§ **What to produce**
Copy all lines below that use the word "final".

§ **Records provided**
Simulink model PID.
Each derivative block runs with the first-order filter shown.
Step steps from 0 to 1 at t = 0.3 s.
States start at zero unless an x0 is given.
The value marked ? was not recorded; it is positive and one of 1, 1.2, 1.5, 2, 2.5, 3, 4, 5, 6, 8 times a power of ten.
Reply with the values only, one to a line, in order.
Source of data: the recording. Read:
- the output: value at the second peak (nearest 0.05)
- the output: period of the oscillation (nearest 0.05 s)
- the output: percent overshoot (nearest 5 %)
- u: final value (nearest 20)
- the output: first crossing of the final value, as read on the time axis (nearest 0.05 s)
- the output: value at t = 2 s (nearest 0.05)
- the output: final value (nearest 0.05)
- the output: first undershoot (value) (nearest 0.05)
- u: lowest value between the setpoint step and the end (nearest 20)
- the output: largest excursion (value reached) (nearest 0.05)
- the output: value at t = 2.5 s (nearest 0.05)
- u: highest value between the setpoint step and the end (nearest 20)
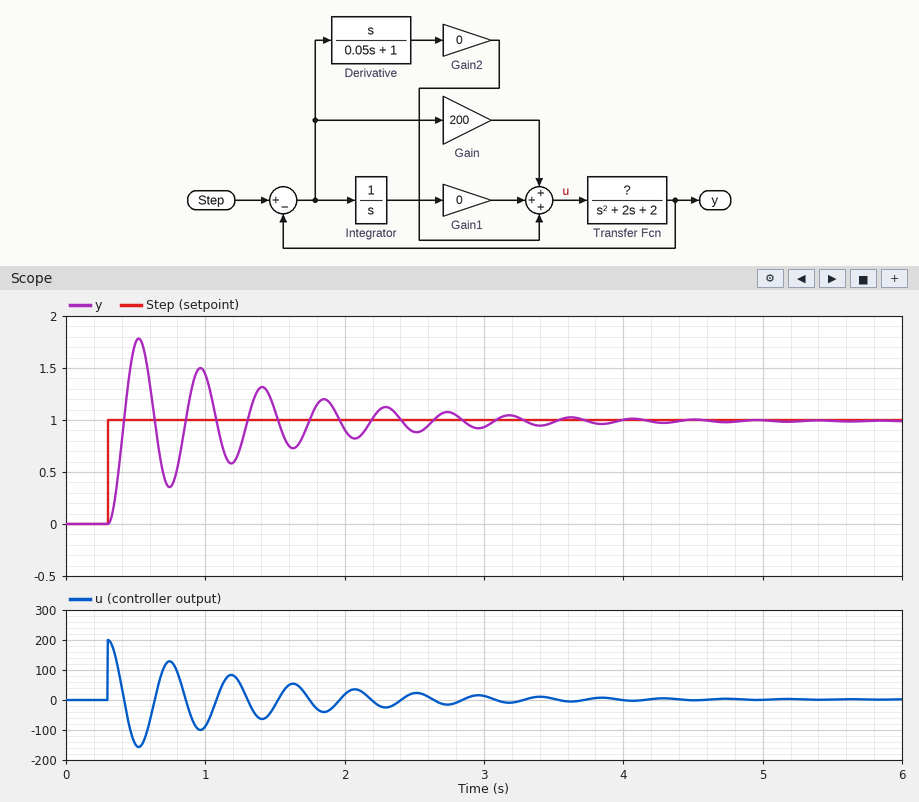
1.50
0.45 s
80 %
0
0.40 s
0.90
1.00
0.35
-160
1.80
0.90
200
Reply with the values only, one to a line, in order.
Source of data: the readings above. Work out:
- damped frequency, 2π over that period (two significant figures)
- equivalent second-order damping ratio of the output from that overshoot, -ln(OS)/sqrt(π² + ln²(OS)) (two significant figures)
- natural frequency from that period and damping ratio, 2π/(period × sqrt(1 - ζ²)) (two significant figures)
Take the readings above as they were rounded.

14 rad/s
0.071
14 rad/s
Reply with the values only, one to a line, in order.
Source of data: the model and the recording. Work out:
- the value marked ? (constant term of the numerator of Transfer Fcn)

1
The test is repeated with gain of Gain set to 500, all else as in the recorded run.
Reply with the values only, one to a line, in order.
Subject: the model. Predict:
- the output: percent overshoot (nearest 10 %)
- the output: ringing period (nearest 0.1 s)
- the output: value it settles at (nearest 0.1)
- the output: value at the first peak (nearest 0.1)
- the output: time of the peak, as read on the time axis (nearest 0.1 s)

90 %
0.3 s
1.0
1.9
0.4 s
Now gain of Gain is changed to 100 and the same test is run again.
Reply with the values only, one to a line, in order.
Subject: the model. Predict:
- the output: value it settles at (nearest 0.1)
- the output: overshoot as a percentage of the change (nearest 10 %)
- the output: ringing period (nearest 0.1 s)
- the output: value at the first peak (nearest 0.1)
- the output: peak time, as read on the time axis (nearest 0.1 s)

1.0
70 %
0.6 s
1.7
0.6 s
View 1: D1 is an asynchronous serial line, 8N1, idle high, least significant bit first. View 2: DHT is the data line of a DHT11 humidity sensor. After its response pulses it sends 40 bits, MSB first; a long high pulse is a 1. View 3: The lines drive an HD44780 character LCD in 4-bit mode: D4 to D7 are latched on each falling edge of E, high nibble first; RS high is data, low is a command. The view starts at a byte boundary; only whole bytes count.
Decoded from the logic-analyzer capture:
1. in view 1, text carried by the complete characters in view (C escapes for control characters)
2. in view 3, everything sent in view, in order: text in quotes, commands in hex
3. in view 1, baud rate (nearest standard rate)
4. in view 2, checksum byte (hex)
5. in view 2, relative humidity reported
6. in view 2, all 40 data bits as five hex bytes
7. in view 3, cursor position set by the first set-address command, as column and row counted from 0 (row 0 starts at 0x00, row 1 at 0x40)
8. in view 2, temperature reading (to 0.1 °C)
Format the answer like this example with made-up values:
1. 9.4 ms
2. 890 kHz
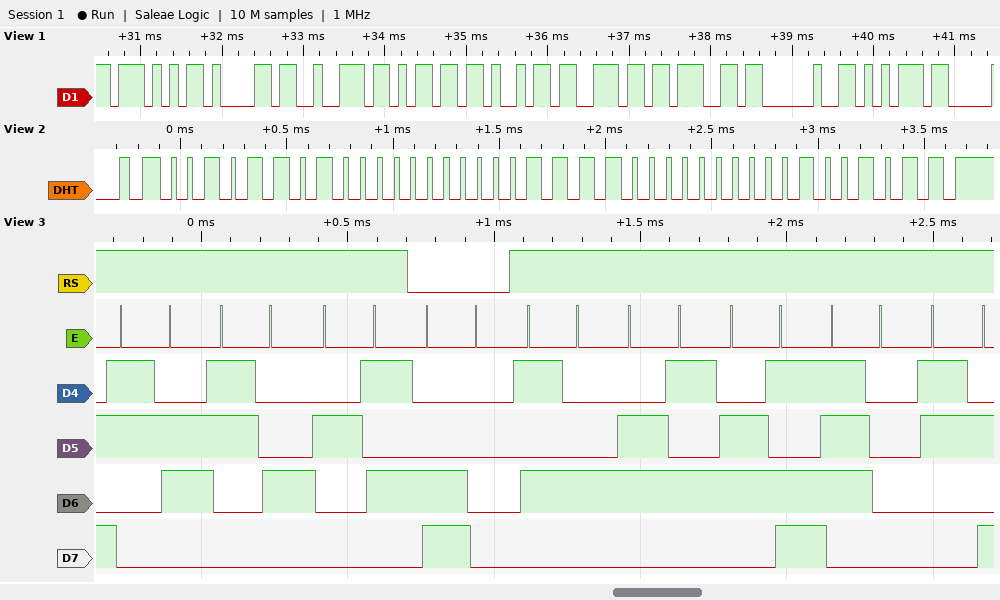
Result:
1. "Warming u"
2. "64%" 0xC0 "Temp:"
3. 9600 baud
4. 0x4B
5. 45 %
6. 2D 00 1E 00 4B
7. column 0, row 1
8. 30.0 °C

§ **Exercise response**
- u: final value (nearest 20)
- the output: first crossing of the final value, as read on the time axis (nearest 0.05 s)
- the output: final value (nearest 0.05)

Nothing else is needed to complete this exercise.